Other International total sales increased by 2.6% (LFL +0.3%) to £1,281m, driven by growth in Poland and Iberia. Retail profit increased by 9.0% to £26m (H1 23/24: £23m, at reported rates). This reflected higher retail profits in Poland and Iberia, together with reduced losses in Romania, offset by losses in Turkey and higher 'Other' retail losses. Retail profit margin % increased by 10 basis points to 2.0% (H1 23/24: 1.8%, at reported rates). 

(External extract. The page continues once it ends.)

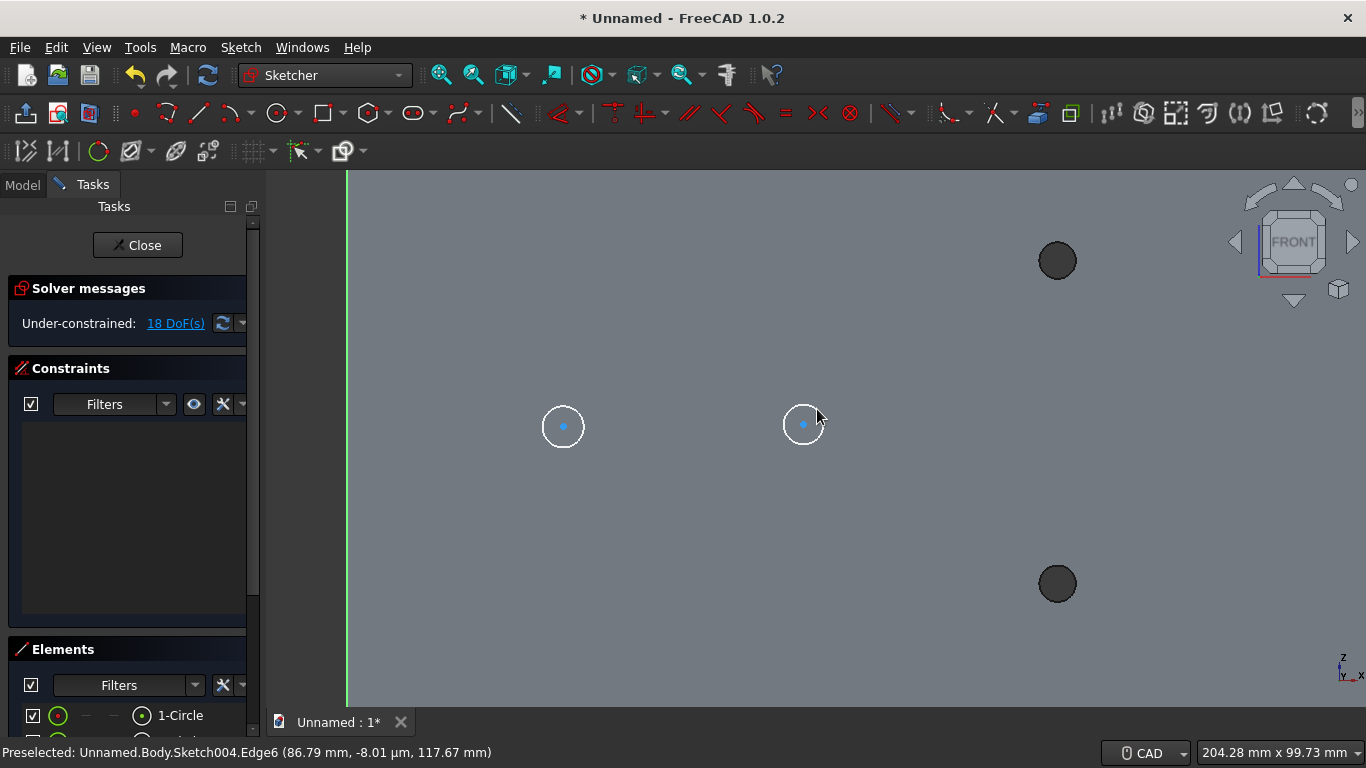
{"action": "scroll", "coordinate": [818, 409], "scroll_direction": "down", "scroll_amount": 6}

Poland total sales increased by 2.8% (LFL -0.2%) to £941m, supported by an improved consumer environment and good progress in the development of its initiatives to support trade customers. Positive LFL sales growth in core categories was driven by a good performance from its building & joinery and tools & hardware categories. Sales trends in core and 'big-ticket' categories improved sequentially and were positive in Q2, but seasonal category sales were adversely impacted by weather (Q2 -5.4% vs Q1 +5.5%). On a YoY basis, Castorama outperformed the broader market (as measured by GfK). Castorama's e-commerce sales increased by 2.5% YoY, as performance recovered following the implementation of its new digital technology stack in the prior year. Ecommerce sales penetration was 4% (H1 23/24: 4%; H1 19/20: 2%). The business continues to focus on expanding its trade customer proposition through further rollout of 'CastoPro' zones within its stores, specialised sales partners and the development of a dedicated mobile app for tradespeople. 

Space growth contributed c.3% to total Poland sales. Castorama opened four stores in H1 (three big-boxes and one compact 'Castorama Smart' store), bringing its total to 106 stores in Poland as of 31 July. 

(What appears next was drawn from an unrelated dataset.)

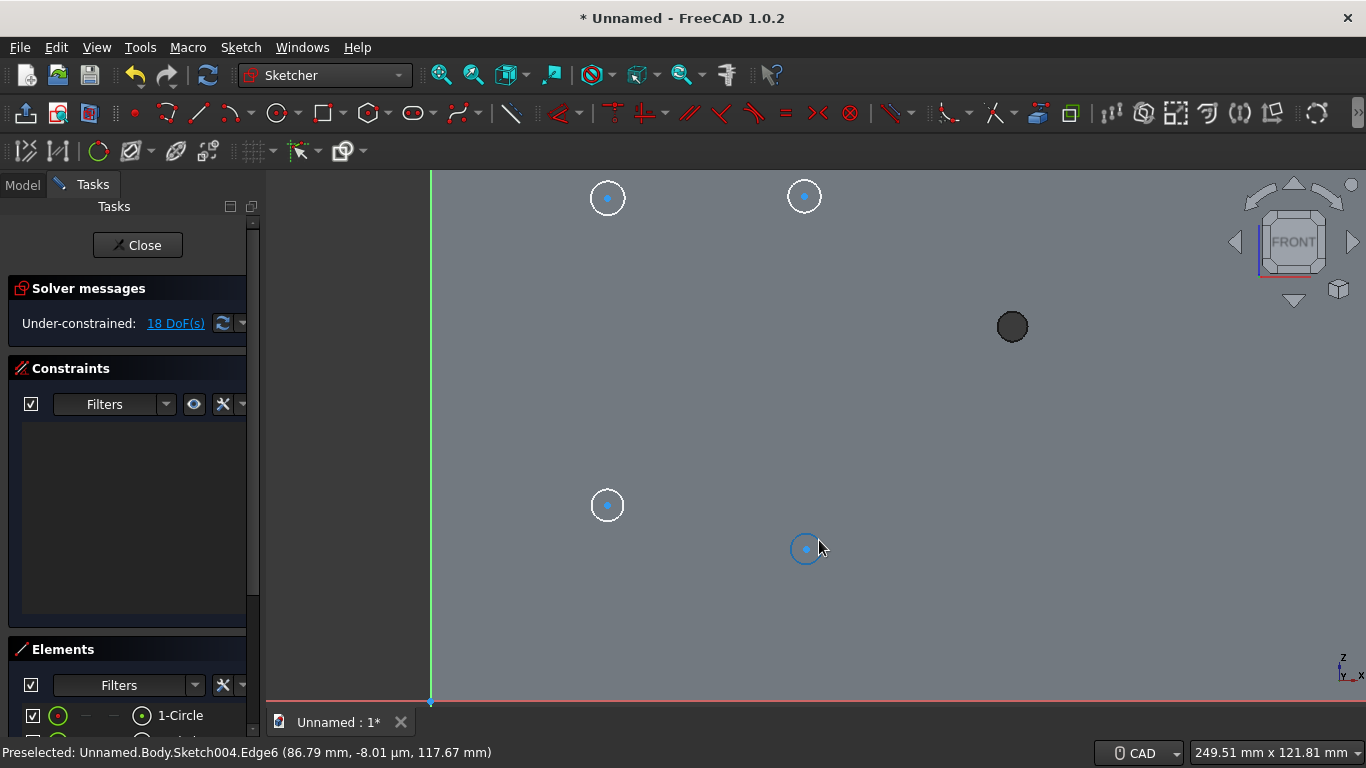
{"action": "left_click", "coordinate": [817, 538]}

Gross margin % increased by 140 basis points, reflecting effective management of product costs, retail prices and supplier negotiations, and a lower stock provision movement. Retail profit increased by 35.3% to £50m (H1 23/24: £35m, at reported rates), with a higher gross profit partially offset by an increase in operating costs. Operating costs increased by 3.3%, reflecting YoY increases in pay rates, higher bonus accruals, and higher costs associated with eight new store openings (YoY). Cost increases were largely offset by a continuation of the actions taken in H2 23/24 to reduce costs (including further flexing of staff levels and discretionary spend), together with structural savings achieved by our cost reduction programme. The operating costs movement also reflects a favourable YoY impact from charges related to ineffective foreign exchange hedges in the prior year. Retail profit margin % increased by 130 basis points to 5.3% (H1 23/24: 4.0%, at reported rates).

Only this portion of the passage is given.